27. A call center according to claim 25, wherein the requested
audible indication is a dual-tone-multiple-frequency tone.
28. A call center according to claim 15, wherein the computerized
devices are further operative to perform the steps of: after
selecting the first agent and before connecting the customer call
to the first agent, playing a voice message to the agent via a
voice connection requesting that the agent provide a requested
audible indication of the agent's presence; determining whether the
requested audible indication is subsequently present on the voice
connection from the agent; if the requested audible indication is
determined to be present, then connecting the customer call to the
agent; and if the requested audible indication is determined not to
be present, then selecting another agent to take the call.
Description
BACKGROUND
[0001] The present invention is related to the field of call center
systems.
[0002] In call center systems, the availability of service
representatives or "agents" to accept customer telephone calls is
made known to a call center controller (also known as an automatic
call distributor (ACD)) via a "login" operation at a
computer-telephony interface (CTI). The agent identifies himself or
herself via a login screen, and the controller associates the agent
with a telephone number of a telephone via which the agent can be
reached. Many call center systems employ so-called "Internet
Protocol" (IP) or packet-based telephony, in which case the agent's
telephone is identified by an IP address in much the same way as a
computer device. Using a CTI screen, the agent signals that he/she
is in an "available" state. When the controller subsequently
selects the agent to handle a particular customer call, it routes
the call to the agent's phone using the phone's IP address. If the
agent subsequently needs to take a break, leave for the day, etc.,
the agent again uses the CTI screen to signal to the controller
that he/she is now in an "unavailable" state, in which case the
controller does not include the agent in the pool from which agents
are selected to handle calls.
[0003] The agent's phone may be configured in one of multiple ways.
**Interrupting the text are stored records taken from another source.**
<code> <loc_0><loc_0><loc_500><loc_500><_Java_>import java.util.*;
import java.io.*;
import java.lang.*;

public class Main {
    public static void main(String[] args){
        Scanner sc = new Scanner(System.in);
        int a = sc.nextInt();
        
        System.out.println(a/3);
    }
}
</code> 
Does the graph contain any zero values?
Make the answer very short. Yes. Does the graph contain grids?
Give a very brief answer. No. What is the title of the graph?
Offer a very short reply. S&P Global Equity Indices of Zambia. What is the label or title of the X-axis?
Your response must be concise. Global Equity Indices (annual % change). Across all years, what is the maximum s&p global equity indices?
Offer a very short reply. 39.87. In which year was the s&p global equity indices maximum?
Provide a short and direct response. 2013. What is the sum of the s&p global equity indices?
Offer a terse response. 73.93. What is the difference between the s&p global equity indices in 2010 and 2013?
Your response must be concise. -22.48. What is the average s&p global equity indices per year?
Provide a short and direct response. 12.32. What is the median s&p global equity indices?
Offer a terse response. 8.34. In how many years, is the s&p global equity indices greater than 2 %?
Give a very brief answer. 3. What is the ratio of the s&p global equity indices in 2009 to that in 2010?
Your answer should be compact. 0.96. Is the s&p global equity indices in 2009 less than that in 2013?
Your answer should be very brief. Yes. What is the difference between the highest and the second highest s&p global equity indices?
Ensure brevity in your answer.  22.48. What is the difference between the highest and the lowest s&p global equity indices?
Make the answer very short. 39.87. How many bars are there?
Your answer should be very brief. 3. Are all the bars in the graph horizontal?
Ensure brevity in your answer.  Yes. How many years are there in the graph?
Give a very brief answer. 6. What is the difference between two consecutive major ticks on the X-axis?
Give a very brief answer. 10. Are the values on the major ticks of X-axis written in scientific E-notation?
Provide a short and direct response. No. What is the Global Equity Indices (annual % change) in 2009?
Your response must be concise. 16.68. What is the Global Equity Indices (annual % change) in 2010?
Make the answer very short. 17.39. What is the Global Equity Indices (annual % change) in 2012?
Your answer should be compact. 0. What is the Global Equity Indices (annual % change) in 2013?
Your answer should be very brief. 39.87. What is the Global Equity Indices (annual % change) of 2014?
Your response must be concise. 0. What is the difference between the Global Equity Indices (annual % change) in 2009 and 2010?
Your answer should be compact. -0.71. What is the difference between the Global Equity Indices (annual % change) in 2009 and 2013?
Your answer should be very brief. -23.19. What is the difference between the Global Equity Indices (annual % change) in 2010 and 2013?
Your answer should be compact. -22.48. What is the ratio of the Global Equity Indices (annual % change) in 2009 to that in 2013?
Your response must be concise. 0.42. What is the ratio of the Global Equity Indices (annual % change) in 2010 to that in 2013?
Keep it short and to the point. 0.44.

It may be configured to be operated in a traditional fashion in
which it rings (or otherwise gives notification of an incoming
call) and the agent answers it (i.e., generates an "off-hook" or
"answered" signal). The agent's phone may alternatively be
configured to "auto-answer", i.e., to be automatically connected to
the line as soon as a call is received. This configuration can be
more convenient for agents because there is no need to take action
to receive a call--the agent receives a ringing tone or other
notification that a call is coming in, and then the call just
starts immediately thereafter. It is presumed, of course, that the
agent is using a headset or similar device that can readily couple
the agent to the line without requiring any physical manipulation
by the agent such as would be required with a handset, for
example.
SUMMARY
[0004] One problem in call centers is the possibility that an agent
who is indicated to be "available" actually becomes absent or
otherwise does not respond to customer calls when directed to
him/her. For example, an agent may take a break and inadvertently
forget to signal to the controller that he/she is now
"unavailable." In such cases, the controller continues to route
customer calls to the agent, but he/she never answers. This may not
be especially problematic if the agent's phone is not configured
for auto-answering. In this case, a signal known as "ring no
answer" is automatically generated by the phone, and upon receiving
this signal the controller can re-route the call to another agent.
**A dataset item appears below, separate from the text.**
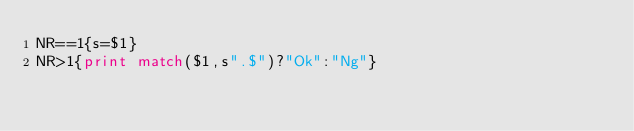<code> <loc_0><loc_0><loc_500><loc_500><_Awk_>NR==1{s=$1}
NR>1{print match($1,s".$")?"Ok":"Ng"}
</code> 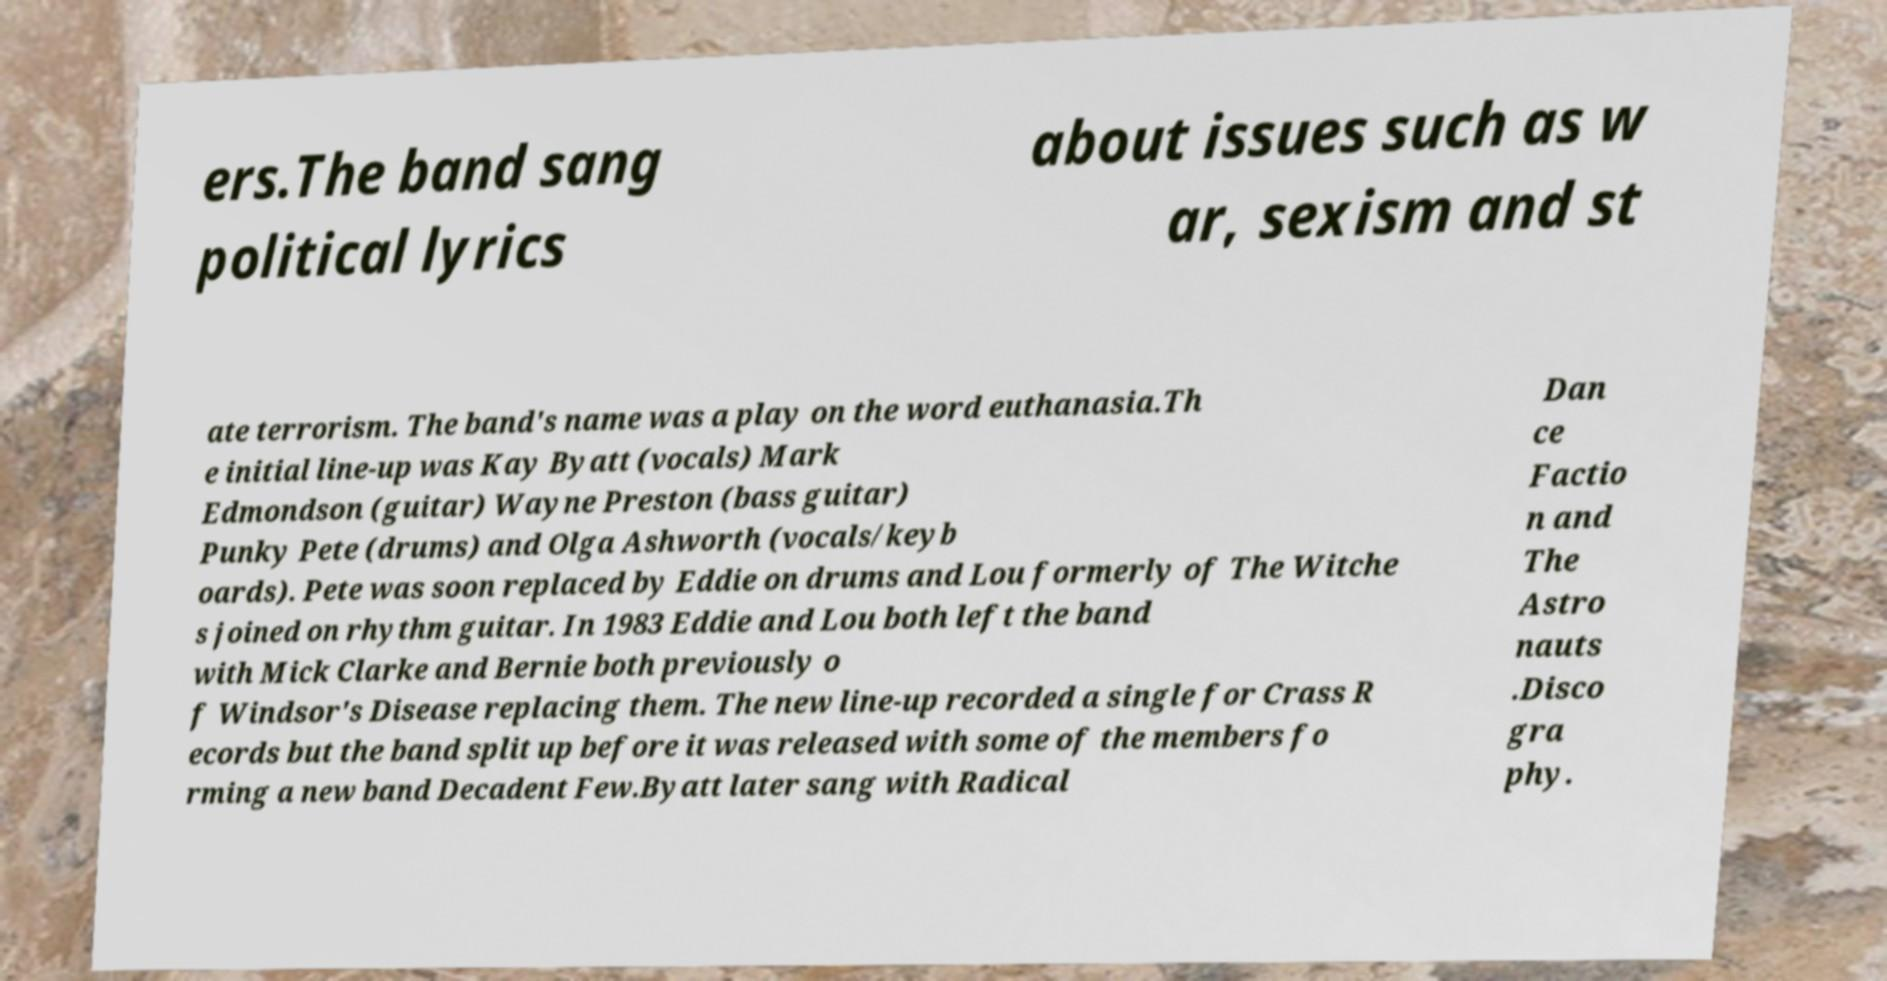There's text embedded in this image that I need extracted. Can you transcribe it verbatim? ers.The band sang political lyrics about issues such as w ar, sexism and st ate terrorism. The band's name was a play on the word euthanasia.Th e initial line-up was Kay Byatt (vocals) Mark Edmondson (guitar) Wayne Preston (bass guitar) Punky Pete (drums) and Olga Ashworth (vocals/keyb oards). Pete was soon replaced by Eddie on drums and Lou formerly of The Witche s joined on rhythm guitar. In 1983 Eddie and Lou both left the band with Mick Clarke and Bernie both previously o f Windsor's Disease replacing them. The new line-up recorded a single for Crass R ecords but the band split up before it was released with some of the members fo rming a new band Decadent Few.Byatt later sang with Radical Dan ce Factio n and The Astro nauts .Disco gra phy.

However, when the agent's phone is configured for auto-answering,
the "ring no answer" signal is not generated. Instead, the call is
automatically connected to the agent's phone, but no agent is
there. The customer does not hear any greeting, and eventually may
hang up, abandoning the call.
[0005] In accordance with the present invention, a technique is
disclosed for handling customer calls in a call center for
providing improved call center services, including reducing the
incidence of abandoned customer calls and better overall
supervision of the performance of call center agents. The disclosed
technique can be used with both "local" (i.e., located at the call
center) agents as well as "remote" agents that may be coupled to
the call center via the public switched telephone network.
[0006] In response to a customer call, an available agent is
selected to take the call, and the call is connected to the
selected agent. Initially upon connecting the customer call to the
agent, it is determined whether voice is present in the connection
from the agent to the customer within a predetermined time
interval, which may be for example 3-6 seconds. The determination
can be made by calculating the amount of energy in a stream of
media packets from the agent, and comparing this value with a
predetermined threshold. If no voice is determined to be present
within the predetermined time interval, the customer call is
promptly re-routed to another agent.
[0007] The technique can be used with both "local" agents (i.e.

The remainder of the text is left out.